Derviş Aydın Akkoç - Fırtınalı Denizin Kıyısında: Şansal Dikmen Kitabı / Ziya Gül - Giresun Yol Hikayeleri / Adnan Keskin - İlle de Mavi

 

Bulancak ve Giresun'da ilk TİP ve arkasından 2. TİP'de görev almış Şansal Dikmen kamuoyunda artık yerleşmiş aksi, uzlaşmaz ve muhalif solcu imajının tersine çevresiyle uyumlu, dini geleneklerden de kopmamış olarak çizdiği profille bu kabulleri kırıyor. Böyle bir karaktere sahip siyasetçinin ilk TİP'deki ayrışmada Aybar yerine Aren-Boran taraftarı olması da çelişki gibi görülmekle birlikte sebebi bu uzun söyleşi de cevaplanmış. Etnik ve ayrımcılık konusunda usandırıcı sorulara beyefendice cevap veren Dikmen, İsmet İnönü'ye olan sevginin o yerellikte Atatürk sevgisinin dahi önüne geçmesi, üniversitedeki ünlü hocaları, Ertuğrul Günay'ın geçmişi, Dev-Genç'lilerle yapılan fındık mitingleri gibi okuması keyifli ve öğretici anılarını okuyucuyla paylaşıyor.

Çok uzağa gitmiyoruz, hikayemiz yine Giresun'dan. Bu sefer Şansal Dikmen'in eleştirdiği bir çizginin temsilcisi Ziya Gül, Devrimci Yol eksenindeki hayatını geçmiş ve şimdiki zaman arasında mekik dokuyarak serimliyor. Fındık mitingleri bu eserde de karşımıza çıkıyor. Serbest bir içeriğe sahip kitap. Eser, anılar, denemeler, biyografiler, biraz dertleşme, biraz propaganda ile bir miktar dağınıklık sergilemekte. Bir bakıma da bu farklı ve samimim yaklaşım iyi olmuş dedirtiyor okuyucuya.

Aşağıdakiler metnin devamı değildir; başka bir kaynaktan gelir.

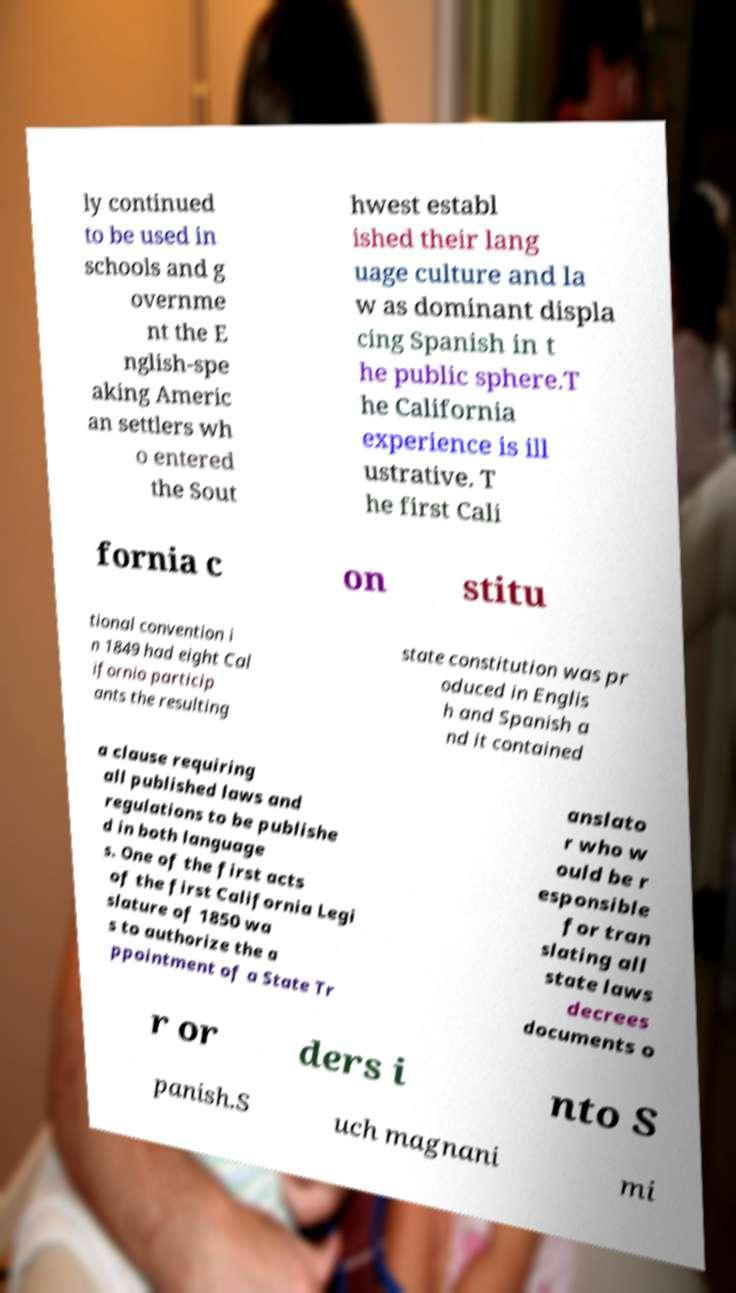Please identify and transcribe the text found in this image. ly continued to be used in schools and g overnme nt the E nglish-spe aking Americ an settlers wh o entered the Sout hwest establ ished their lang uage culture and la w as dominant displa cing Spanish in t he public sphere.T he California experience is ill ustrative. T he first Cali fornia c on stitu tional convention i n 1849 had eight Cal ifornio particip ants the resulting state constitution was pr oduced in Englis h and Spanish a nd it contained a clause requiring all published laws and regulations to be publishe d in both language s. One of the first acts of the first California Legi slature of 1850 wa s to authorize the a ppointment of a State Tr anslato r who w ould be r esponsible for tran slating all state laws decrees documents o r or ders i nto S panish.S uch magnani mi

Aynı siyasette ve coğrafi bölgede devam ediyoruz okumaya. Bu sefer içerik daha da farklılık arz etmekte. Kurgusal yanı da güçlü romantize edilmiş hapisten firar öyküsü ile karşı karşıyayız. Tüm teknik, itiraf etmek gerekirse biraz da sıkıcılığa düşen, ve organizasyonel tarafıyla bir değil tam iki kez başarıyla gerçekleştirilen firar hikayesi bu. Artvin'de Dev Yol'un önde gelen isimlerinden Adnan Keskin, bir yandan mahpusluk yıllarını bir yandan mücadele dolu geçmişini bölüm bazında bir ileri bir geri anlatıyor. Eşine beslediği büyüttüğü aşkı ise hiç bir bölümün içeriğinden ayrı düşmüyor. İlk Artvin sonra da Erzincan hapishanelerinden kaçış hikayesi Avrupa'da sona eriyor. Ve memleketine ancak öldükten sonra cenazesi ulaşabiliyor.



5 Kasım 2022 Cumartesi

Deicide - Deicide (1990)

 

Klasik usül death metal, brütal death metal örneklerinin bana pek de hitap etmediğini anlayacak kadar görmüş geçirmiş biriyim. Hayatın bizzatihi kendisinin büyük bir istisna olması gibi bu türün surlarında da delik açacak büyüklükte bir istisna büyütmüşüm. Türe thrashy kökenli gruuvi ritimlerin sızması. Gel keyfim gel o zaman. Tek tük pek çok dinlediğim şarkılar vesilesiyle biliyordum ki alnına ters haç kazıyan Glen namındaki vokalin bu grubunu da bu cihette seveceğim. Ben mi onu sevdim, o mu beni öptü bilemeyeceğim ama beklentilerimin altına düşmedi elbet. 

Kırk yaşından sonra dinlediğim şeylere bak yafu.

8,25/10

1 Kasım 2022 Salı

Martha Wells - Katilbot Günlükleri III: Kaçak Protokol

 

Goodreads sitesindeki puanlamaya göre diğer ciltlerin hiç de altında kalmamasına rağmen benim nazarımda kaşıntılar başlamış durumda. Bir kere hikaye doğrudan önceki kitapların devamı. Ayrı okuduğunuzda hiç bir şey anlamayacağınız garanti. Katilbotumuz geçmişin hayaletlerini kovalamaya devam ediyor ve ulaştığı uzay istasyonunda insanlarla arkadaş olmayı başarmış saflık derecesinde iyi bir robot karakterimiz için belki de umut kıvılcımı oluyor. Kumpas kuran savaşçılar ve savaaşbotlarıynan çarpışırken yine hızlıca heyecanla sayfaları çevireceğiniz kesin.